Большинство первоначальных советских комментариев на тему выработки нового международного "кодекса поведения" были негативными. Советскую точку зрения накануне смены американских администраций (и оптимистично выраженную надежду на то, что "улучшение советско-американских отношений придаст новый импульс процессу разрядки") выразил ведущий советский дипломат-ученый Влади мир Петровский, который заявил: "Нет необходимости искать какие-то новые правила поведения, так называемый кодекс разрядки. . .. У нас уже есть такой кодекс разрядки". Петровский имел в виду Хельсинкский заключительный акт и другие документы, такие как соглашение об основных принципах 1972 года с Соединенными Штатами. Его возражение против послеафганских предложений о таком кодексе поведения (со ссылкой на кодификации времен администрации Рейгана) заключалось не только в том, что они не нужны, но и в том, что авторы таких предложений хотят навязать двойной стандарт, оправдывающий американское вмешательство и предотвращающий советскую деятельность по всему миру.
Это же возражение, несомненно, относилось и к ранним комментариям Хейга по поводу кодекса поведения. Леонид Замятин, заведующий Отделом международной информации ЦК, 28 марта высказался резко в ответ на требования новой администрации к Советскому Союзу улучшить свое поведение на международной арене в качестве предварительного условия для дипломатического диалога: "Если говорить о правилах поведения, которые обсуждаются на встречах в США, то стандартами поведения для каждого государства, в том числе и для США, являются устав ООН и международные соглашения, подписанные государствами", а "во многих случаях США сейчас не соответствуют ни одному из них". За несколько дней до этого в статье Александрова в "Правде" также был сделан вывод о том, что Вашингтон грубо нарушает "нормы международного права", и был поставлен риторический вопрос: "Можно ли так строить межгосударственные отношения, не превратятся ли они в джунгли?". Но это было сказано как критика американского поведения, а не как аргумент в пользу необходимости или возможности новых норм.

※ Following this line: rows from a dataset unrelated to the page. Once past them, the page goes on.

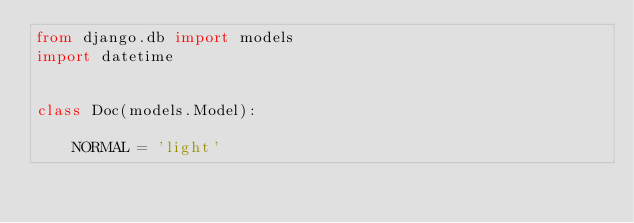Convert code to text. <code><loc_0><loc_0><loc_500><loc_500><_Python_>from django.db import models
import datetime


class Doc(models.Model):

    NORMAL = 'light'</code> 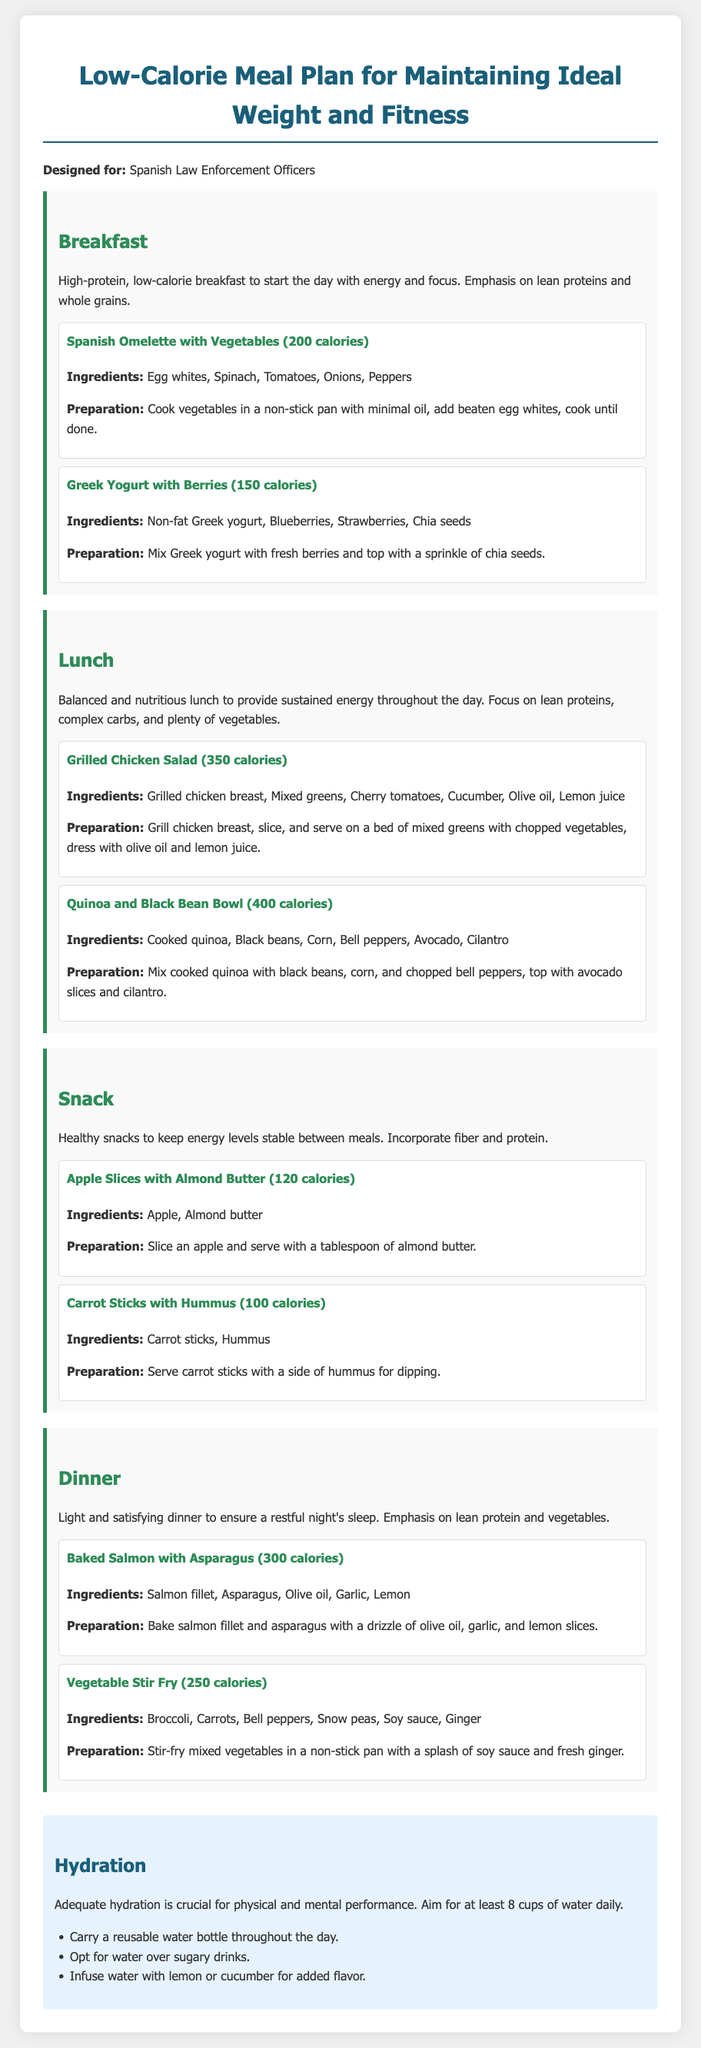What is the main purpose of the meal plan? The main purpose is to provide a low-calorie meal plan for maintaining ideal weight and fitness specifically designed for Spanish law enforcement officers.
Answer: Low-calorie meal plan How many calories are in the Spanish Omelette with Vegetables? The document states that the Spanish Omelette with Vegetables has 200 calories.
Answer: 200 calories What are the first meal options listed for breakfast? The first two meal options for breakfast are the Spanish Omelette with Vegetables and Greek Yogurt with Berries.
Answer: Spanish Omelette with Vegetables, Greek Yogurt with Berries What ingredient is included in both the Grilled Chicken Salad and the Quinoa and Black Bean Bowl? Both meals contain mixed greens, which are part of the Grilled Chicken Salad.
Answer: Mixed greens How many cups of water should be consumed daily? The document suggests aiming for at least 8 cups of water daily for adequate hydration.
Answer: 8 cups What is listed as a healthy snack option? Apple Slices with Almond Butter and Carrot Sticks with Hummus are both listed as healthy snack options.
Answer: Apple Slices with Almond Butter, Carrot Sticks with Hummus Which meal option is specifically focused on lean proteins and vegetables for dinner? Baked Salmon with Asparagus focuses on lean proteins and vegetables for dinner.
Answer: Baked Salmon with Asparagus What cooking method is recommended for the Vegetable Stir Fry? The document recommends stir-frying the mixed vegetables in a non-stick pan.
Answer: Stir-frying What is a suggested way to flavor water? A suggested way to flavor water is to infuse it with lemon or cucumber.
Answer: Infuse with lemon or cucumber

Наиболее авторитетно в ежегодном обращении по случаю годовщины со дня рождения Ленина, 22 апреля, член Политбюро Константин У. Черненко заявил, что хотя "Советский Союз твердо выступает за соблюдение общепринятых международных норм. Он отвергает "кодекс поведения", который отбросил бы человечество в давно прошедшую эпоху, когда диктат императоров... безраздельно господствовал в международных отношениях".
Некоторые комментаторы, однако, были более открыты для возможности и даже возможной ценности и необходимости выработки уточненных "правил игры" с Соединенными Штатами. В тот же день, когда Черненко произнес свою авторскую речь, Александр Бовин в интервью японской прессе заявил, что Москве и Вашингтону, "возможно, придется выработать нечто вроде правил" конкуренции и "разработать средства" для ослабления напряженности в отношениях между ними. А 3 мая Бовин признал, что "какой-то кодекс поведения действительно необходим", и хотя Советский Союз не согласится отказаться от помощи национально-освободительным движениям и прогрессивным государствам, "действительно должны быть какие-то правила", чтобы предотвратить превращение мира в "арену для столкновений".
К моменту последнего комментария Бовина в официальной советской позиции произошли изменения. Всего через пять дней после выступления Черненко Брежнев напрямую затронул вопрос о кодексе поведения в третьем мире. Он отверг создание сфер влияния или "любого рода "правил", которые увековечили бы империалистический разбой". Он вновь подтвердил советскую поддержку "строгого и полного соблюдения принципа равенства и общепризнанных норм международного права в отношениях между всеми государствами", содержащихся в Уставе ООН, Хельсинском заключительном акте и "хорошо известных соглашениях 1970-х годов между СССР и США". Это - "кодекс поведения", который мы признаем и всегда готовы соблюдать", и Брежнев призвал Соединенные Штаты сделать то же самое. Он, однако, не предлагал провести переговоры по официальному соглашению.
Кодекс поведения Брежнева, строго говоря, не был предложением, и его обработка - даже выбранный повод - скорее предполагала пропагандистский ответ, чем дипломатическую увертюру к Соединенным Штатам. Оно не стало источником возобновления советско-американского диалога. Несмотря на нейтральные формулировки, он был призван оправдать советскую поддержку национально-освободительных движений и развития советских связей с новыми независимыми странами без оправдания американского вмешательства в эти события. Это была формулировка и подтверждение советского взгляда на кодекс поведения, уместного в условиях разрядки, вызов нападкам администрации Рейгана на советское поведение и контратака против американских действий в третьем мире.